_Task directions:_ Without including any picture, write out the entries exactly as they stand.

_Records provided:_
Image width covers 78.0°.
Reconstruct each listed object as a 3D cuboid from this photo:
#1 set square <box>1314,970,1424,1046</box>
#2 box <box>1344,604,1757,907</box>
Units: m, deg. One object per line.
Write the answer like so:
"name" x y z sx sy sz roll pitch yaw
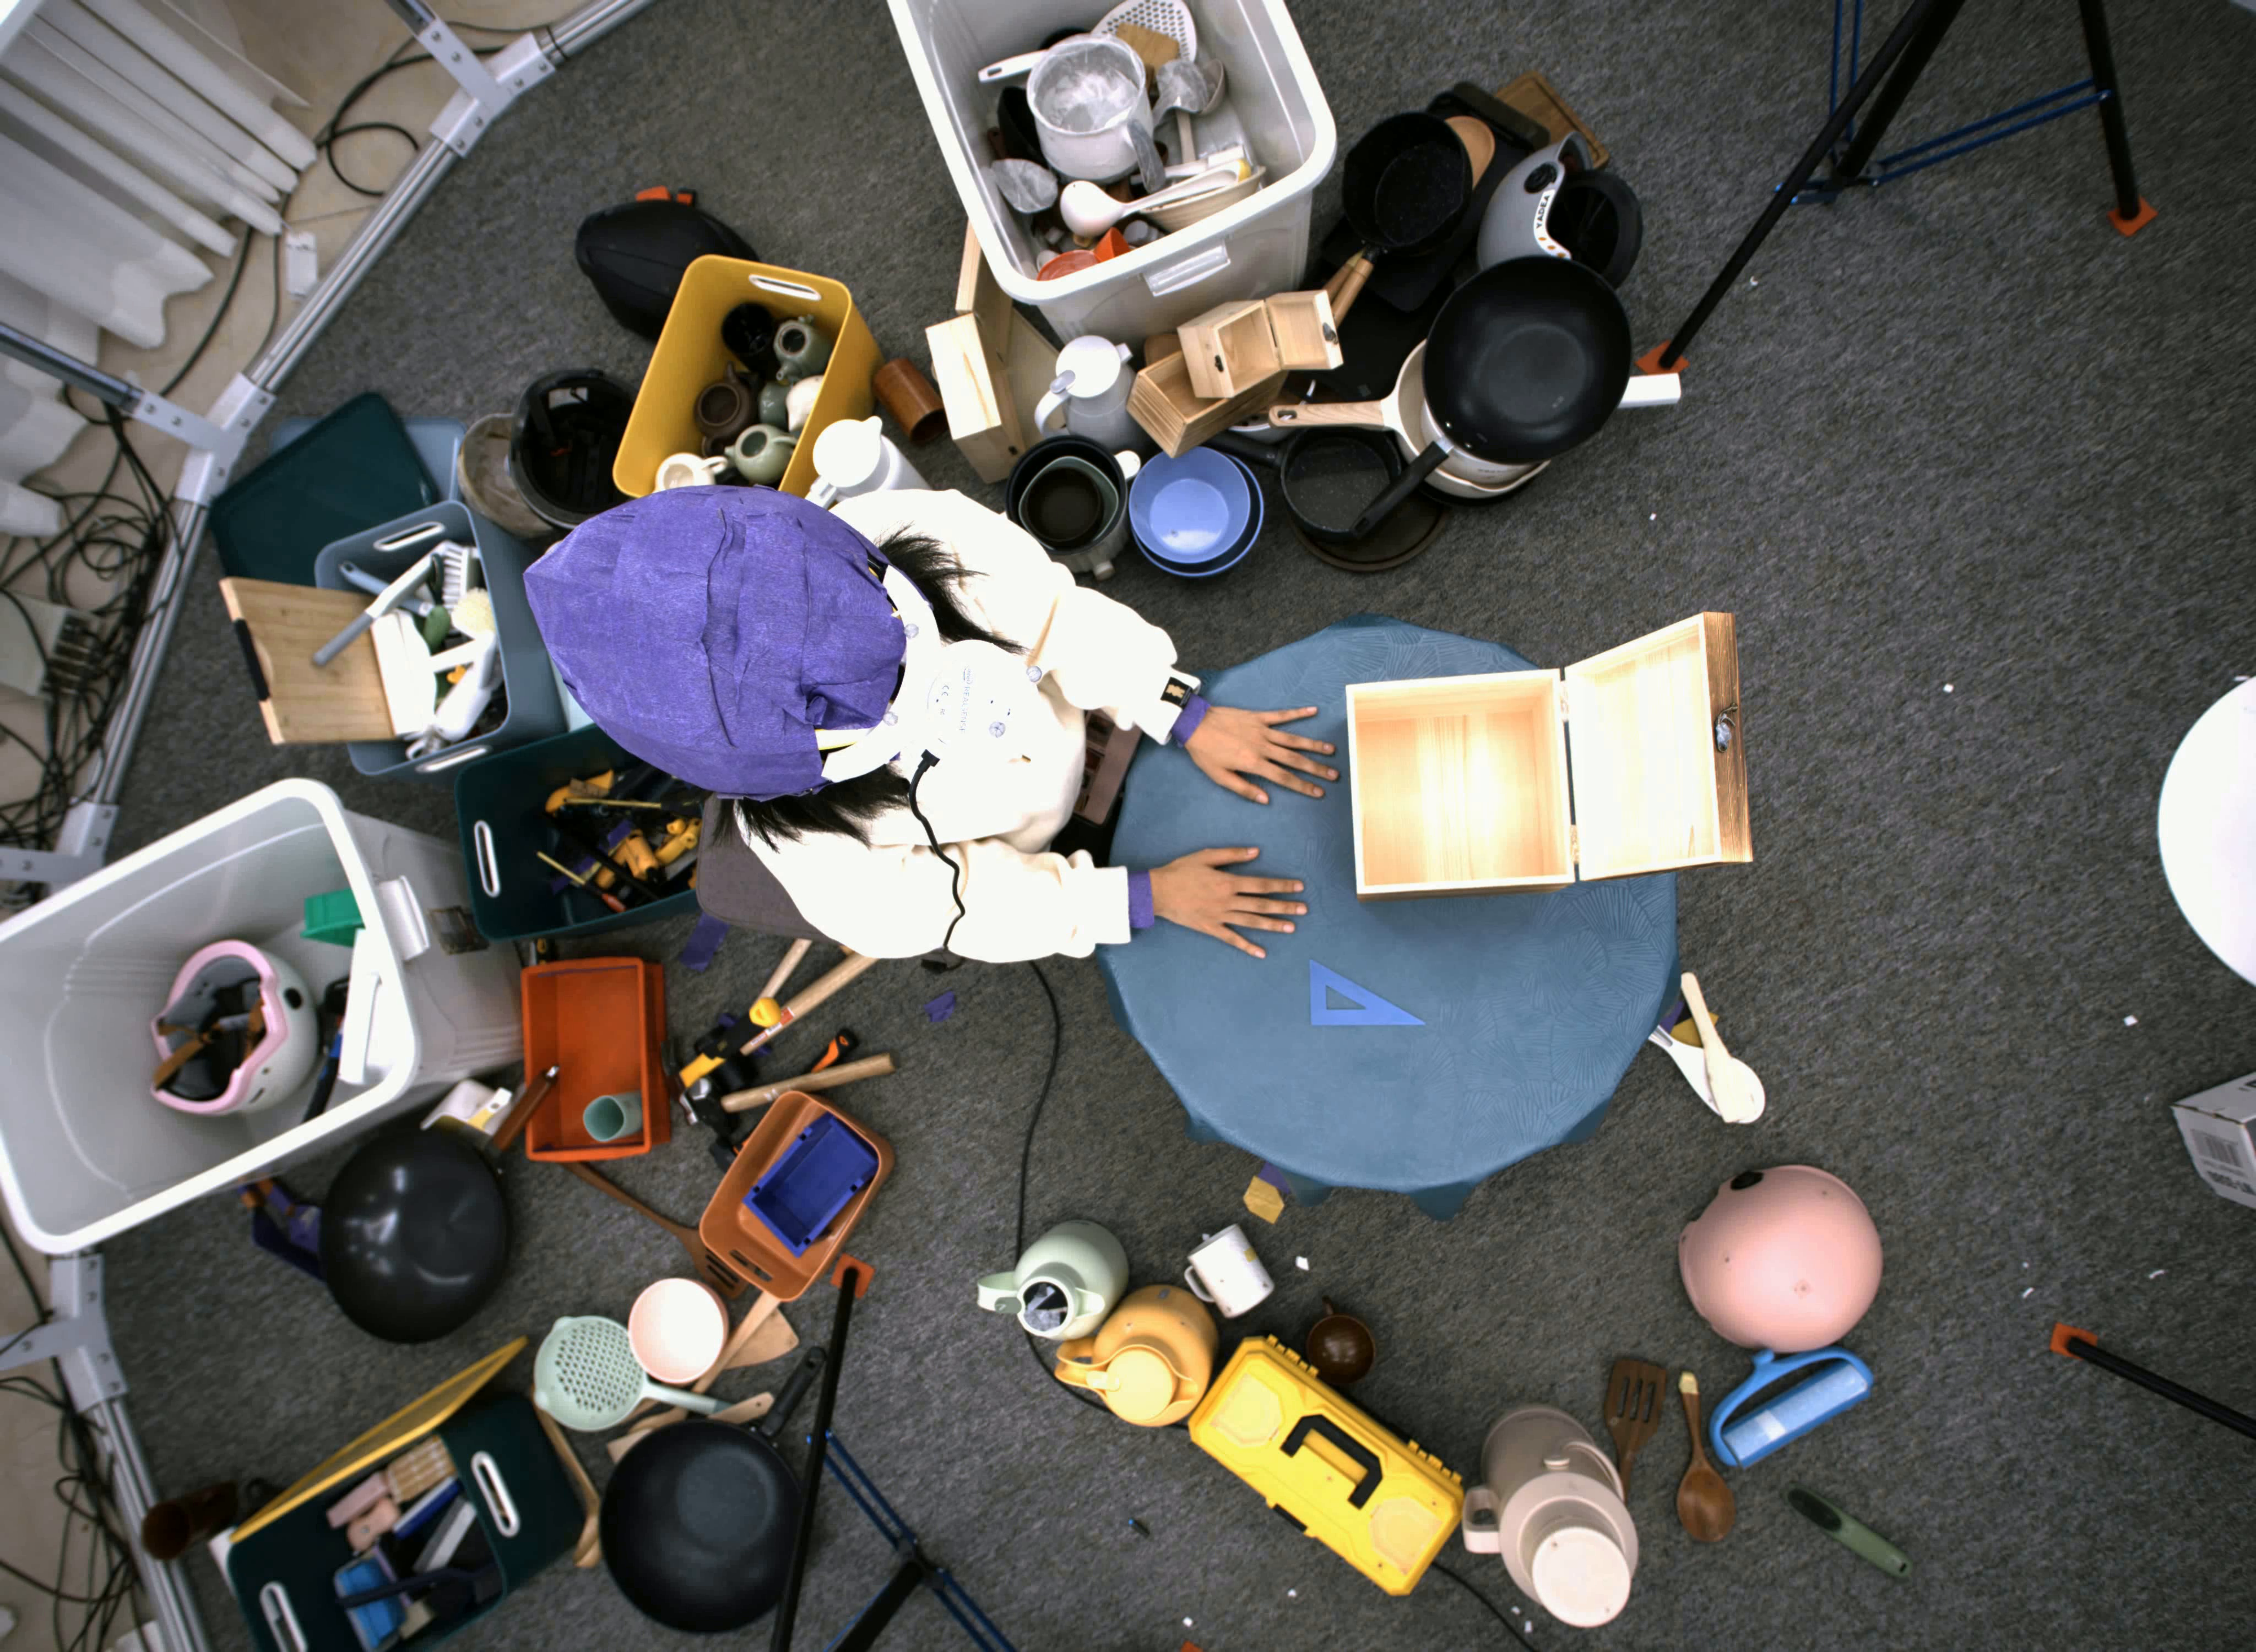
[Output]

_Result for this exercise:_
Image width covers 78.0°.
Reconstruct each listed object as a 3D cuboid from this photo:
#1 set square <box>1314,970,1424,1046</box>
#2 box <box>1344,604,1757,907</box>
Units: m, deg. One object per line.
Write the answer like so:
"name" x y z sx sy sz roll pitch yaw
[Output]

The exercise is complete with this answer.